Stored items:
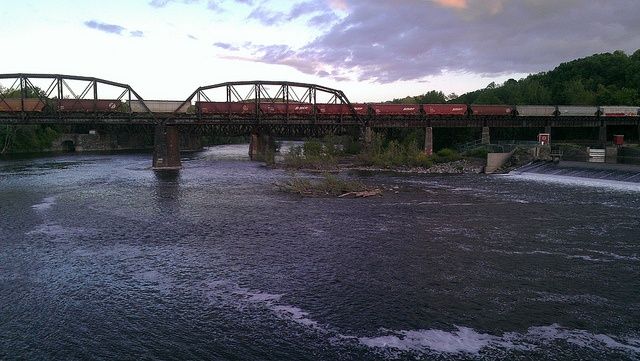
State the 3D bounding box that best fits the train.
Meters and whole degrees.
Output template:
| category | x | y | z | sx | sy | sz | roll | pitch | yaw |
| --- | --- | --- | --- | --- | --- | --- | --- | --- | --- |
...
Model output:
| category | x | y | z | sx | sy | sz | roll | pitch | yaw |
| --- | --- | --- | --- | --- | --- | --- | --- | --- | --- |
| train | 1.607 | -15.682 | 90.196 | 128.468 | 4.629 | 9.497 | -1 | 13 | -5 |
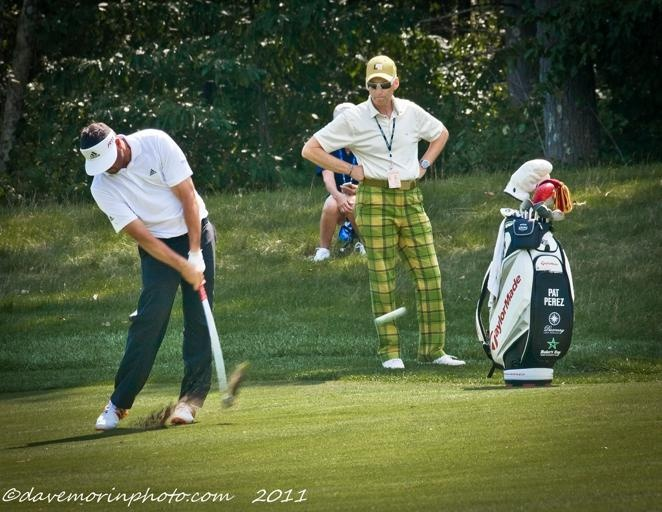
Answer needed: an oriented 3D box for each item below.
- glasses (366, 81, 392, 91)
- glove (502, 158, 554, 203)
[{"bbox_3d":[0.475,-1.603,12.599,0.235,0.085,0.096,-3,15,2],"label":"glasses"},{"bbox_3d":[1.830,-0.702,12.220,0.323,0.436,0.330,-11,8,-31],"label":"glove"}]
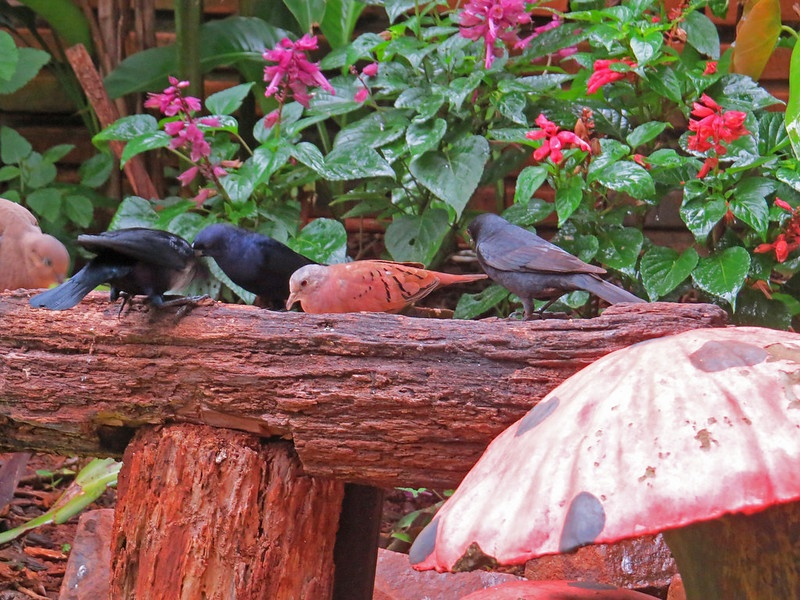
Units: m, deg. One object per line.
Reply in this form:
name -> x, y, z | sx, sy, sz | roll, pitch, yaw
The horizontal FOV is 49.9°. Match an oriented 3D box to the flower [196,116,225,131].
flower -> -0.864, -0.803, 3.875 | 0.111, 0.056, 0.135 | -3, 20, -22

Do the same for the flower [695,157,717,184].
flower -> 1.271, -0.540, 3.578 | 0.049, 0.044, 0.133 | 41, 42, 4

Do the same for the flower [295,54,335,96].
flower -> -0.366, -0.973, 3.732 | 0.213, 0.077, 0.083 | 33, -22, -33

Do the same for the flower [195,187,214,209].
flower -> -0.921, -0.481, 4.073 | 0.103, 0.130, 0.191 | -1, 19, -13

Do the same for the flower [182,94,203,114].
flower -> -0.928, -0.870, 3.847 | 0.063, 0.076, 0.190 | 1, 18, -9

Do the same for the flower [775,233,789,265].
flower -> 1.622, -0.222, 3.655 | 0.090, 0.052, 0.145 | 3, 27, 11

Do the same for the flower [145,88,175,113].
flower -> -1.092, -0.906, 3.846 | 0.110, 0.107, 0.251 | -7, 21, -30

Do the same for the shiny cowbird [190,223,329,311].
shiny cowbird -> -0.585, -0.200, 3.754 | 0.481, 0.425, 0.395 | 6, 12, 35

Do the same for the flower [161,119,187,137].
flower -> -1.012, -0.765, 3.854 | 0.086, 0.081, 0.119 | -2, 19, -17

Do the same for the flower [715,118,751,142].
flower -> 1.325, -0.686, 3.433 | 0.048, 0.098, 0.098 | 33, 54, -14

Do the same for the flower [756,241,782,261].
flower -> 1.590, -0.212, 3.719 | 0.084, 0.042, 0.097 | 2, 10, 42

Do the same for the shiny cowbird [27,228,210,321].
shiny cowbird -> -0.993, -0.100, 3.039 | 0.589, 0.329, 0.294 | -4, 20, -24

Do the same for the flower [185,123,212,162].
flower -> -0.926, -0.726, 3.931 | 0.098, 0.180, 0.189 | -1, 19, -14

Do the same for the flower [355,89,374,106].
flower -> -0.172, -0.940, 3.985 | 0.063, 0.045, 0.072 | -7, 2, -24

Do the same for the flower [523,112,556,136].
flower -> 0.592, -0.720, 3.604 | 0.124, 0.102, 0.194 | 7, 18, 7

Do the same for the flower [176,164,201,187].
flower -> -0.982, -0.578, 4.009 | 0.081, 0.108, 0.210 | -1, 19, -14

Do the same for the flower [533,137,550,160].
flower -> 0.587, -0.619, 3.580 | 0.062, 0.101, 0.175 | 7, 18, 8

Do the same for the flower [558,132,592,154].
flower -> 0.734, -0.653, 3.589 | 0.074, 0.075, 0.226 | 0, -7, 33

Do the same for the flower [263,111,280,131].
flower -> -0.577, -0.805, 3.859 | 0.064, 0.098, 0.176 | 0, 19, -11

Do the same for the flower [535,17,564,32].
flower -> 0.716, -1.333, 4.175 | 0.119, 0.090, 0.246 | 7, 18, 7

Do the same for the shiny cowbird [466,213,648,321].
shiny cowbird -> 0.595, -0.148, 3.450 | 0.817, 0.462, 0.286 | -2, 4, 40

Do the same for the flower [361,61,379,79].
flower -> -0.131, -1.101, 4.138 | 0.081, 0.065, 0.104 | 17, 34, 36
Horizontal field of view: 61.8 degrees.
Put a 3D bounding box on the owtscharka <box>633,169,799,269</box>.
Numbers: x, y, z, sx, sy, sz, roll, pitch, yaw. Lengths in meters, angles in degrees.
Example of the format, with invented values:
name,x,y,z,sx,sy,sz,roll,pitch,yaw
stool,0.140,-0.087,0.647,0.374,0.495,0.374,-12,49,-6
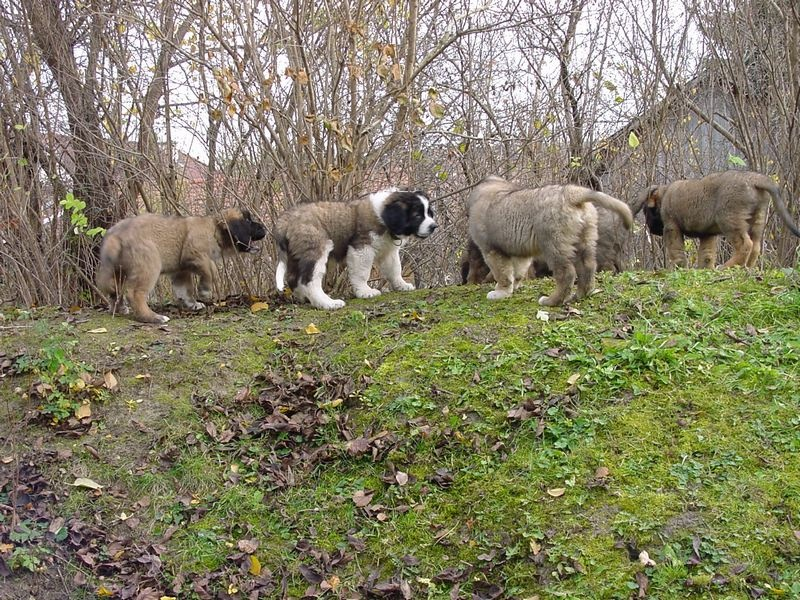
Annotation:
name,x,y,z,sx,sy,sz,roll,pitch,yaw
owtscharka,4.219,-1.059,8.991,0.590,1.301,2.281,-3,7,-21

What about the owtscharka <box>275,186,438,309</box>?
name,x,y,z,sx,sy,sz,roll,pitch,yaw
owtscharka,-0.592,-0.686,8.778,2.087,1.492,0.760,-5,17,-14

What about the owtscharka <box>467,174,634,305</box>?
name,x,y,z,sx,sy,sz,roll,pitch,yaw
owtscharka,1.572,-0.679,7.712,0.820,1.527,2.408,-13,14,-35
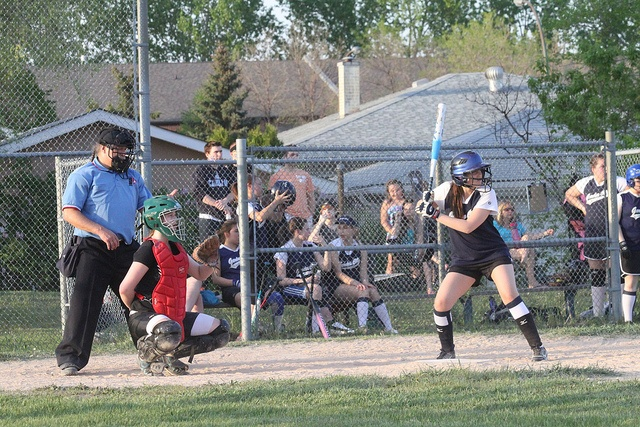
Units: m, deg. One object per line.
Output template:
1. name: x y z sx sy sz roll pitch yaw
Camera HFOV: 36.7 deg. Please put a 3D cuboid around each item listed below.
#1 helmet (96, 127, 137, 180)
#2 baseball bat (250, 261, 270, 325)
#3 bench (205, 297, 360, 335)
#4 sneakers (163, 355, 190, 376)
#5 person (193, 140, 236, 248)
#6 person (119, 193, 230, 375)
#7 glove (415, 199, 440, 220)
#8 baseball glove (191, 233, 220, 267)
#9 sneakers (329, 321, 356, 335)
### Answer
1. helmet: -2.917 -0.940 13.516 0.540 0.604 0.479 17 5 15
2. baseball bat: -0.990 1.304 15.498 0.176 0.973 0.138 3 -35 2
3. bench: -0.367 1.834 15.489 2.887 0.506 0.387 7 16 -24
4. sneakers: -2.003 2.107 13.279 0.341 0.144 0.214 29 13 0
5. person: -1.714 -0.009 16.446 0.778 2.409 0.732 -2 1 -10
6. person: -2.053 0.990 13.307 1.255 2.459 0.768 -11 15 -41
7. glove: 1.495 -0.072 13.438 0.322 0.262 0.232 1 11 7
8. baseball glove: -1.585 0.535 13.505 0.345 0.431 0.179 56 5 -41
9. sneakers: 0.333 1.888 15.644 0.267 0.092 0.201 9 2 28
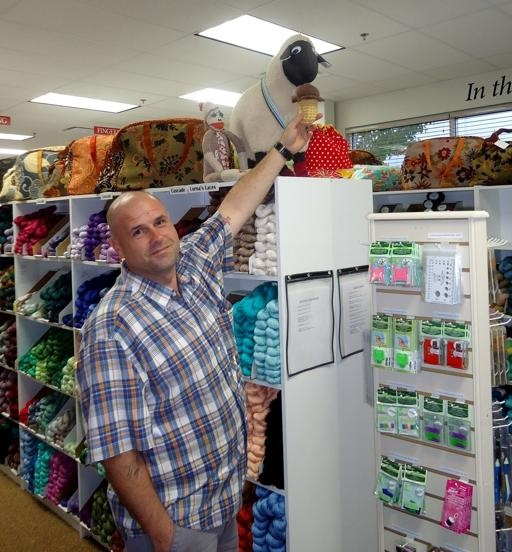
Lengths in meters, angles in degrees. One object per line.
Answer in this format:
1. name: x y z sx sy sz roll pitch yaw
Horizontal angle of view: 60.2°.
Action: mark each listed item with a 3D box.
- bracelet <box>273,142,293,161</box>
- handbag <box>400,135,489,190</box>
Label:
1. bracelet: 0.102 -0.456 1.649 0.074 0.045 0.077 44 -1 -30
2. handbag: 1.336 -0.814 3.166 0.594 0.329 0.299 3 21 37
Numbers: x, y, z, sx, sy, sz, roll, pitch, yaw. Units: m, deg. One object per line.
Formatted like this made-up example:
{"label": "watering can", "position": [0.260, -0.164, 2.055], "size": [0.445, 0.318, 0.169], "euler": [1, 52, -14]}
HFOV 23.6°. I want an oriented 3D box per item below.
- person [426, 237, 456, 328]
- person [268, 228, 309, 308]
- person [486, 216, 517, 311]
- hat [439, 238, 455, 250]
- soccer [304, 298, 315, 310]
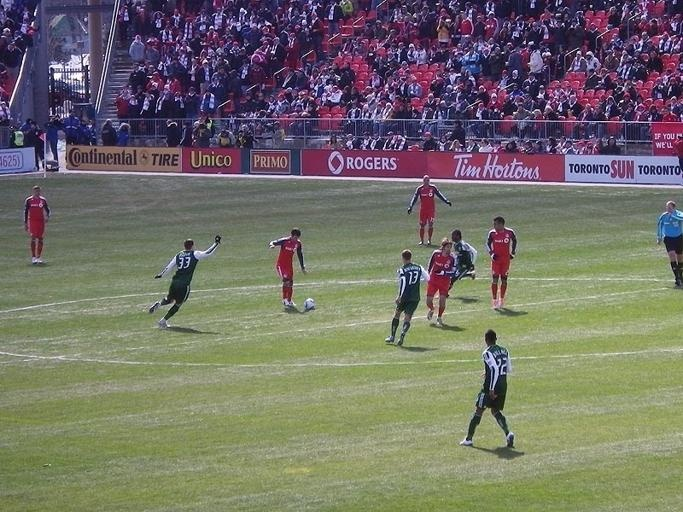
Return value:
{"label": "person", "position": [3.101, 0.767, 51.200], "size": [1.073, 2.505, 0.793], "euler": [0, 13, 3]}
{"label": "person", "position": [-1.722, 0.333, 53.400], "size": [1.336, 2.465, 1.068], "euler": [-4, 17, -19]}
{"label": "person", "position": [5.171, 0.188, 52.599], "size": [1.165, 2.833, 0.757], "euler": [3, -4, -28]}
{"label": "hat", "position": [3.262, -0.401, 50.761], "size": [0.387, 0.336, 0.309], "euler": [2, 1, 44]}
{"label": "soccer", "position": [-1.029, 1.528, 52.983], "size": [0.370, 0.317, 0.668], "euler": [-3, 10, -1]}
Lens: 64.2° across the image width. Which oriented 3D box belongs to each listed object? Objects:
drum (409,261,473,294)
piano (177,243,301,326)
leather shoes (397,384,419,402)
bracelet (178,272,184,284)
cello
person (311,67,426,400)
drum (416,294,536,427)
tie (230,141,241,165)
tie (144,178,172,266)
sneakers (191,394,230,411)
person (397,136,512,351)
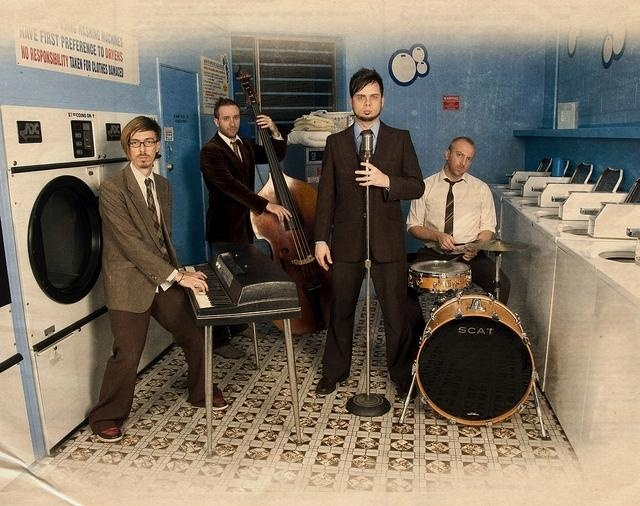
[{"bbox_3d":[0.704,0.148,2.961,0.341,0.158,0.344,0,12,0],"label":"drum"},{"bbox_3d":[-0.482,0.143,2.727,0.498,0.171,0.867,-4,15,-22],"label":"piano"},{"bbox_3d":[0.551,0.865,3.134,0.152,0.045,0.101,2,5,23],"label":"leather shoes"},{"bbox_3d":[-0.715,0.124,2.609,0.028,0.053,0.016,12,-18,-40],"label":"bracelet"},{"bbox_3d":[-0.410,-0.324,3.754,0.345,1.858,0.689,-9,4,45],"label":"cello"},{"bbox_3d":[0.296,-0.072,3.034,0.661,1.923,0.549,2,12,11],"label":"person"},{"bbox_3d":[0.825,0.596,2.668,0.684,0.719,0.330,0,17,3],"label":"drum"},{"bbox_3d":[-0.631,-0.760,3.801,0.025,0.140,0.073,0,0,28],"label":"tie"},{"bbox_3d":[-0.891,-0.180,2.779,0.074,0.395,0.162,-8,1,8],"label":"tie"},{"bbox_3d":[-0.649,0.879,3.065,0.264,0.111,0.116,0,-2,11],"label":"sneakers"},{"bbox_3d":[1.054,-0.044,3.775,0.895,1.487,0.884,7,18,29],"label":"person"}]

→ **What needs to be done**:
Look above for the line with "Do the same for the flower [535,17,564,32]." and the line with "#4 sneakers (163, 355, 190, 376)". Copy them and every line between, exactly, but no pictures.

→ **Final answer**:
Do the same for the flower [535,17,564,32].
flower -> 0.716, -1.333, 4.175 | 0.119, 0.090, 0.246 | 7, 18, 7

Do the same for the shiny cowbird [466,213,648,321].
shiny cowbird -> 0.595, -0.148, 3.450 | 0.817, 0.462, 0.286 | -2, 4, 40

Do the same for the flower [361,61,379,79].
flower -> -0.131, -1.101, 4.138 | 0.081, 0.065, 0.104 | 17, 34, 36
Horizontal field of view: 61.8 degrees.
Put a 3D bounding box on the owtscharka <box>633,169,799,269</box>.
Numbers: x, y, z, sx, sy, sz, roll, pitch, yaw. Lengths in meters, angles in degrees.
Example of the format, with invented values:
name,x,y,z,sx,sy,sz,roll,pitch,yaw
stool,0.140,-0.087,0.647,0.374,0.495,0.374,-12,49,-6
Annotation:
name,x,y,z,sx,sy,sz,roll,pitch,yaw
owtscharka,4.219,-1.059,8.991,0.590,1.301,2.281,-3,7,-21

What about the owtscharka <box>275,186,438,309</box>?
name,x,y,z,sx,sy,sz,roll,pitch,yaw
owtscharka,-0.592,-0.686,8.778,2.087,1.492,0.760,-5,17,-14

What about the owtscharka <box>467,174,634,305</box>?
name,x,y,z,sx,sy,sz,roll,pitch,yaw
owtscharka,1.572,-0.679,7.712,0.820,1.527,2.408,-13,14,-35
Units: m, deg. One object per line.
Output template:
1. name: x y z sx sy sz roll pitch yaw
Camera HFOV: 36.7 deg. Please put a 3D cuboid around each item listed below.
#1 helmet (96, 127, 137, 180)
#2 baseball bat (250, 261, 270, 325)
#3 bench (205, 297, 360, 335)
#4 sneakers (163, 355, 190, 376)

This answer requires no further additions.